Updated: Mar 26, 2021

After three and a half weeks of sailing and having visited Genovese and Pisan places, towns owned by the Kings of Aragon as well as ancient Phoenician settlements, we finally reached the Greeks hemisphere. We are in Selinunte on Sicily's south coast. Greek colonists settled here in the 7th century BC and built a town with more than 30'000 inhabitants. Selinunte also has one of the biggest temple complexes in the entire Hellenic world. The temple of Zeus is significantly larger than the Pantheon in Athens. Unfortunately, several earth quakes in the 7th and 10th century AD completely destroyed it.

The Temple of Hera with 6 x 15 column. The Pantheon in Athens - by comparison - has 8 x 17 columns. The Hera Temple was built in 475 BC and also collapsed but was re-erected in the mid 1950 using the existing material.

Arriving in Selinunte's tiny fishing harbor where the rotting seaweed greeted us with rather unpleasant smells

Museum site model of Selinunte's fortified part - the settled area was far bigger

The magnificent pillars of the Temple of Hera in the morning sun

The ruins of the much larger Temple of Zeus which had 8 x 17 pillars,, was 113m long, 54m wide and 30m high. The temple was under construction from 530 - 409 BC but never finished

Its large doldrums are flat and never fluted as Dorian columns usually are.
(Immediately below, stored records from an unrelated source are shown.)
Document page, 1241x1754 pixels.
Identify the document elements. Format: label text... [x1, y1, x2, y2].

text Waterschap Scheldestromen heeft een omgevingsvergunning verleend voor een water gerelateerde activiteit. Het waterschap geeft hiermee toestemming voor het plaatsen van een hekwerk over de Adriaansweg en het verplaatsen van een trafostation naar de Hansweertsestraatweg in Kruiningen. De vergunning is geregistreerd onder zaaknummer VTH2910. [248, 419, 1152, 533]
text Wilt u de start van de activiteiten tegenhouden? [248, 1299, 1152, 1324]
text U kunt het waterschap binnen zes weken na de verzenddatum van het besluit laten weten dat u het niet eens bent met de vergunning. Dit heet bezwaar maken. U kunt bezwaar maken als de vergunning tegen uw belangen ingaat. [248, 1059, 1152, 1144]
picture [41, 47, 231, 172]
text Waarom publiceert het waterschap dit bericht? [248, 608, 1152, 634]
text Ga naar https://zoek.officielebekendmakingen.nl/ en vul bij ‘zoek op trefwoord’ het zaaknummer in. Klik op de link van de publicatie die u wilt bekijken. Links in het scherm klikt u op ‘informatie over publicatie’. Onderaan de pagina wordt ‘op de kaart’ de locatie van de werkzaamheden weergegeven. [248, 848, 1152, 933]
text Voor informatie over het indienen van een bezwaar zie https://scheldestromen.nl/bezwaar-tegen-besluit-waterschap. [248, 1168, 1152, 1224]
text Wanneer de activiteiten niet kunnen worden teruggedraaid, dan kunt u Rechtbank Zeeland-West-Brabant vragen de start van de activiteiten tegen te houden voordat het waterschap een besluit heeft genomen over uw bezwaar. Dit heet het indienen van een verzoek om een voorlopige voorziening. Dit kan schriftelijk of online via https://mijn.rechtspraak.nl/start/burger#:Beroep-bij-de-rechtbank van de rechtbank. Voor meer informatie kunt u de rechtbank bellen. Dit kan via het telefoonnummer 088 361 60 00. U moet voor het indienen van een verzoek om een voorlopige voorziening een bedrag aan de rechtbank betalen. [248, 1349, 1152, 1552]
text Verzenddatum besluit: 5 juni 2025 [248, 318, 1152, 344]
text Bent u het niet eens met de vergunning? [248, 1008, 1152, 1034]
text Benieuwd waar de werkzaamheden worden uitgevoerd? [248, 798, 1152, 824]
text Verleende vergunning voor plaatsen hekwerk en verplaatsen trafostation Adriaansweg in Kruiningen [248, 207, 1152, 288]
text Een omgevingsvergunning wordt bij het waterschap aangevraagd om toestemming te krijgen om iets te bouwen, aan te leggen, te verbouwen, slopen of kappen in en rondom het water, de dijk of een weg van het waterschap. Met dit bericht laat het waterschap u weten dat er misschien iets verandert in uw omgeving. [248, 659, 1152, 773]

Selinunte's Acropolis with the Temple of Apollo. Between 400 - 250 BC, the town changed several times hands between Greek rulers and Carthage and was eventually destroyed. When the Romans took over Sicily in 238 BC, they never bothered to rebuild it but created their own colony in Castelveterano - town for veterans. Selinunte decayed and the two surrounding rivers became malaria infested. Nobody maintained the Greek channels which had kept the town malaria free.
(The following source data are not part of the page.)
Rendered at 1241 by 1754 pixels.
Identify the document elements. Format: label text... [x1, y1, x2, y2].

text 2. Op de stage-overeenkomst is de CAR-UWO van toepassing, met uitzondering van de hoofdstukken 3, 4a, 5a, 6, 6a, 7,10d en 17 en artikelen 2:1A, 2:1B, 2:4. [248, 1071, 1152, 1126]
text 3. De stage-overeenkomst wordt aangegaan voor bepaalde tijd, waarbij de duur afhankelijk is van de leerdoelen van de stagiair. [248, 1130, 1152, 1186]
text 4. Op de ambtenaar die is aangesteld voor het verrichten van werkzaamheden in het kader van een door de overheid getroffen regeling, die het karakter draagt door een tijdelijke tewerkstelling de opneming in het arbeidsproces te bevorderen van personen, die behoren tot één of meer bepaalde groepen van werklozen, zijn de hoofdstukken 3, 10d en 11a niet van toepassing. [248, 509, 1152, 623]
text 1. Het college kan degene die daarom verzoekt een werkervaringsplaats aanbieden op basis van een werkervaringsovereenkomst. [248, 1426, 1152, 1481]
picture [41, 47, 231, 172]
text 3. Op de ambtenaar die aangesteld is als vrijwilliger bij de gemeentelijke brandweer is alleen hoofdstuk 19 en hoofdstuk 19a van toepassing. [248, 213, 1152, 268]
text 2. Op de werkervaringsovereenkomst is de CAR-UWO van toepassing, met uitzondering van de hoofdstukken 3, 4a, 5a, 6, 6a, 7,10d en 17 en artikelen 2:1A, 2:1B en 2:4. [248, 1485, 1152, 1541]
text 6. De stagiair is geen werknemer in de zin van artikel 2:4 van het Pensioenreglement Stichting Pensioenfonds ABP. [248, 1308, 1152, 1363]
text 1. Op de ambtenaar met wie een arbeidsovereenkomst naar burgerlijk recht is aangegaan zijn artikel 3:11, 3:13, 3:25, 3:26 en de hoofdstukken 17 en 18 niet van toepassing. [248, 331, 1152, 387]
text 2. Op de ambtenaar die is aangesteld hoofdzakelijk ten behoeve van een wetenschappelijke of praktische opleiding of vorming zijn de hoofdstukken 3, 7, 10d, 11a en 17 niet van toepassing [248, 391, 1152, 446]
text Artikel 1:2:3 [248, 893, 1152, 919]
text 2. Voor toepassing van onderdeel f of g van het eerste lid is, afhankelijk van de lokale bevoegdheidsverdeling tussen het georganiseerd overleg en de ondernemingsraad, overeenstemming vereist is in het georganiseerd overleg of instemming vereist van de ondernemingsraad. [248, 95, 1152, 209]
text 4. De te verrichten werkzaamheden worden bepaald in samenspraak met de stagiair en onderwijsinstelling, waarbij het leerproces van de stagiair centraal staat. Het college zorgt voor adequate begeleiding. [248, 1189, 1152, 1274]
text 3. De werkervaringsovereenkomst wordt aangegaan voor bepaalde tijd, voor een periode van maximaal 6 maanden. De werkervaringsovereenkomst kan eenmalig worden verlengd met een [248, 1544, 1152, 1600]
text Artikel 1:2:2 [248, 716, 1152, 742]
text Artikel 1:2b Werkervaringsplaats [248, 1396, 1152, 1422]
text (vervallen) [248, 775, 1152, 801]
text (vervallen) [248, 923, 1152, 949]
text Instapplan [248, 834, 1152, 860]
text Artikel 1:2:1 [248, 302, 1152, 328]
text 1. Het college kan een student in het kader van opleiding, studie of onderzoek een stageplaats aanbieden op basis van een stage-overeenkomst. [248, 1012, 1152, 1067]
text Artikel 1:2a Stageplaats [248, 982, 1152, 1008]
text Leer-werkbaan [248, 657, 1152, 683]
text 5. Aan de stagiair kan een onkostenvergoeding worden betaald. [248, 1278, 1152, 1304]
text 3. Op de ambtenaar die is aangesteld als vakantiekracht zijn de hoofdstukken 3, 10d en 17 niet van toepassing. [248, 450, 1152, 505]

Ancient Selinunte heats up very quickly under the August sun - even in the morning

Jan looking at one of the few Phoenician mosaics which survived - the bull represents the Phoenician God Thal.

There are considerably more people on Selinunte Beach than in the ancient ruins

Time to get back to the AFAET - our skipper wanted to move east given the strong incoming west winds later in the afternoon

An hour later they hit us - sailing is fun with good wind but we needed a harbour for staying overnight - apparently all were full - question of price and negotiations? Yes of course!

We eventually found one in Sciacca, the old Norman town on Sicily's south coast - glad we can avoid a rocky night since the wind freshened up to 25 knots and will get even stronger towards the morning. We are now just 36 miles away from Agrigento with the wonderful Temple Valley. If the weather turns too bad tomorrow, we shall visit it by cab.